Trump quickly reversed course, saying he did not want to “hurt” the Chinese economy and adding that he had a good relationship with President Xi. It is also worth noting that in addition to limiting American influence by experimenting with its export markets, China maintains… Crackdown on rare earth metals That the United States does not have.

Impact

Economists are largely unconcerned with the shift in tone between the United States and Canada. As Paul Donovan of UBS told clients this morning: “This has happened before, but the previous threats were related to specific Canadian government policies. This time the motivation appears to be political announcements…which may indicate that a solution is more difficult to reach. There is no political action that can be undone to reset the situation.”

“However, financial markets are likely to be muted in their reaction, for now.

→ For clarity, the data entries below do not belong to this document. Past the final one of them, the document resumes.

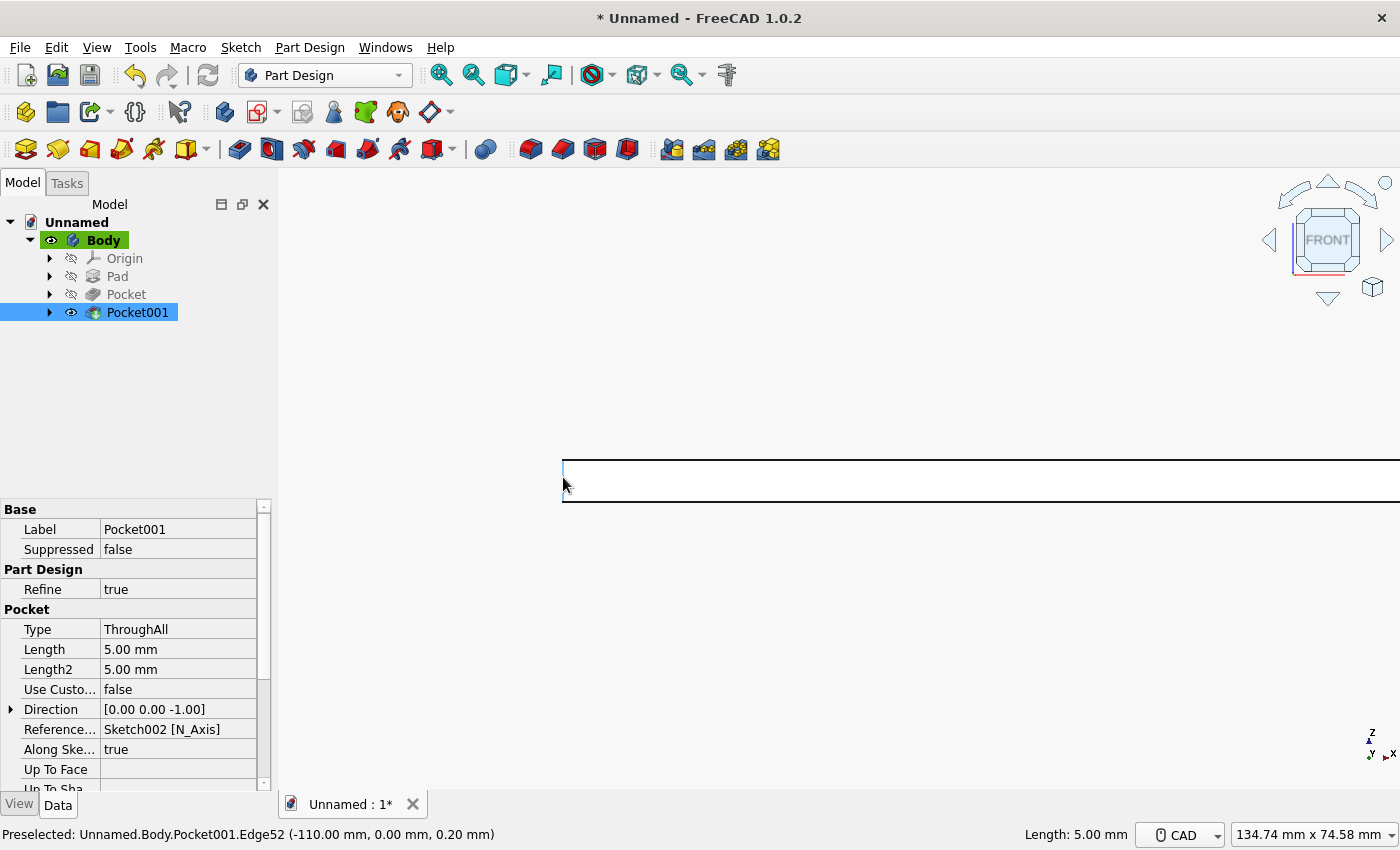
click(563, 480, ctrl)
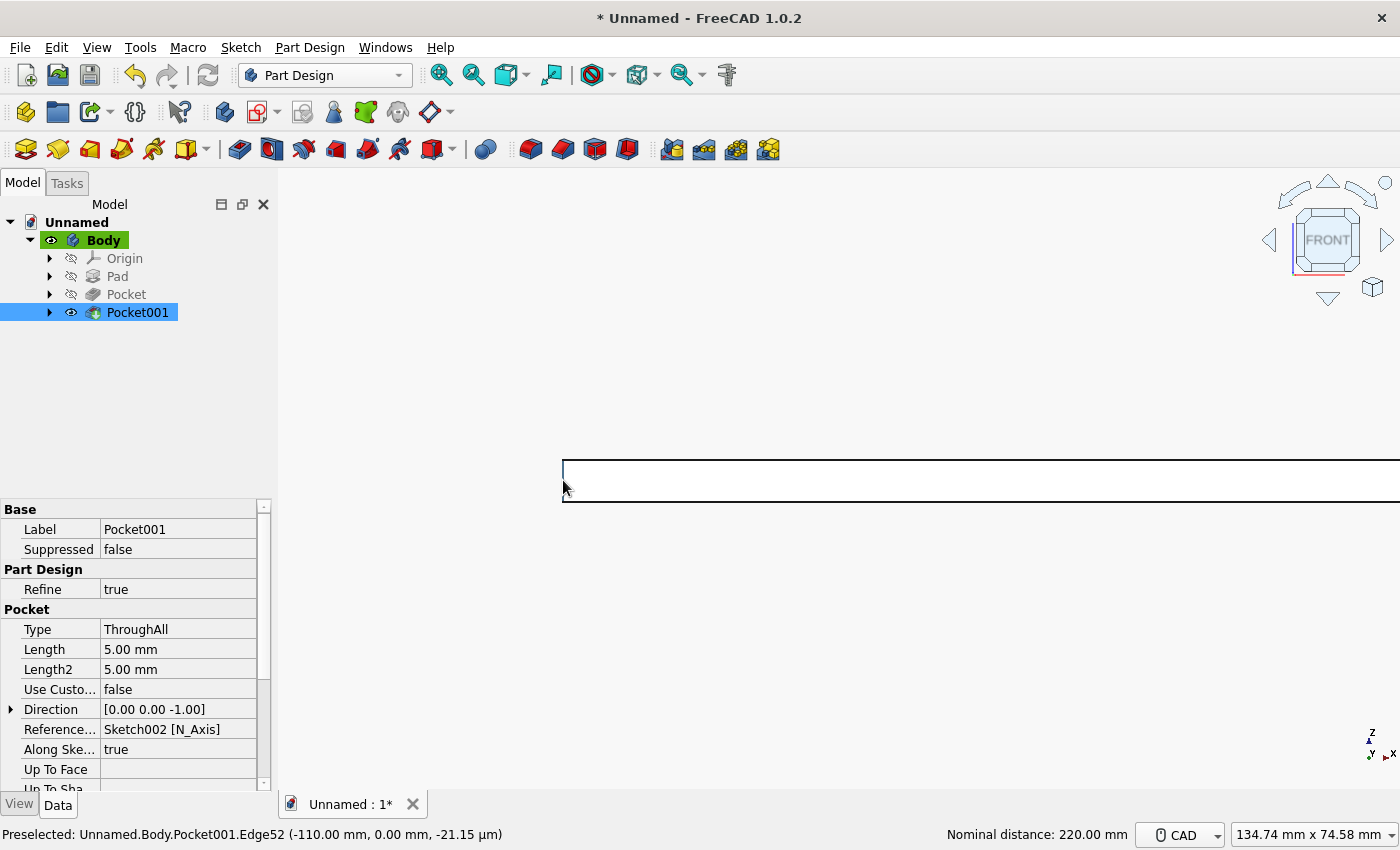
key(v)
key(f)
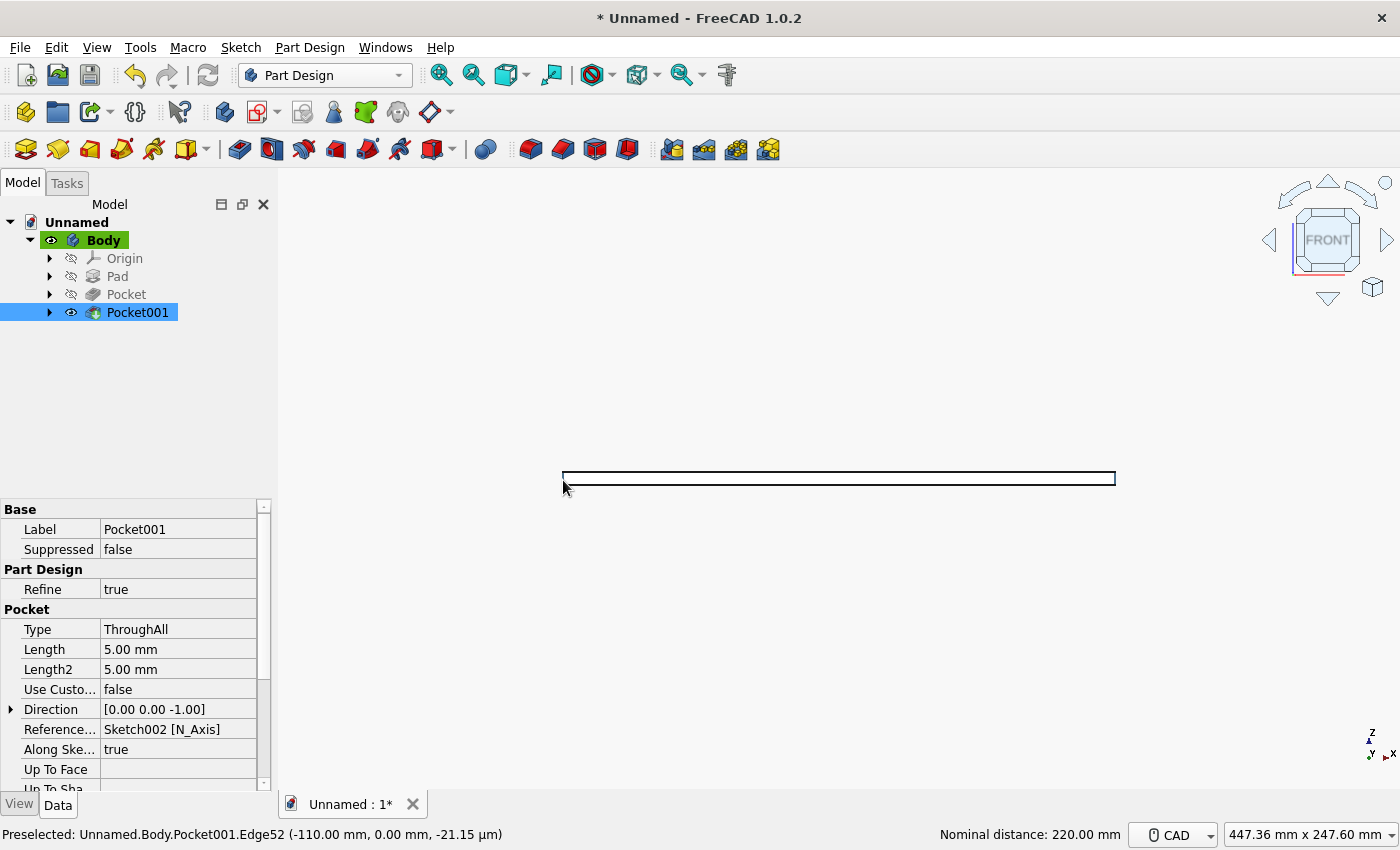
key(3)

Trade negotiations do not cover all or even most trade between Canada and the United States.”

He added: “Despite the greater difficulties in engineering a US retreat this time, past experience suggests that this type of issue will be resolved before long.”

Markets are more concerned about the repercussions of the Xi-Trump meeting. “Growing uncertainty or hostility in China-US trade relations could have more serious economic consequences,” Donovan added.

Jim Reed Deutsche Bank He told clients this morning that confirmation of the meeting “raised hopes for a detente between the world’s two largest economies. This will be the first in-person meeting between the two leaders since Trump returned to office in January, and comes as the current 90-day US-China tariff truce is set to end on November 10.”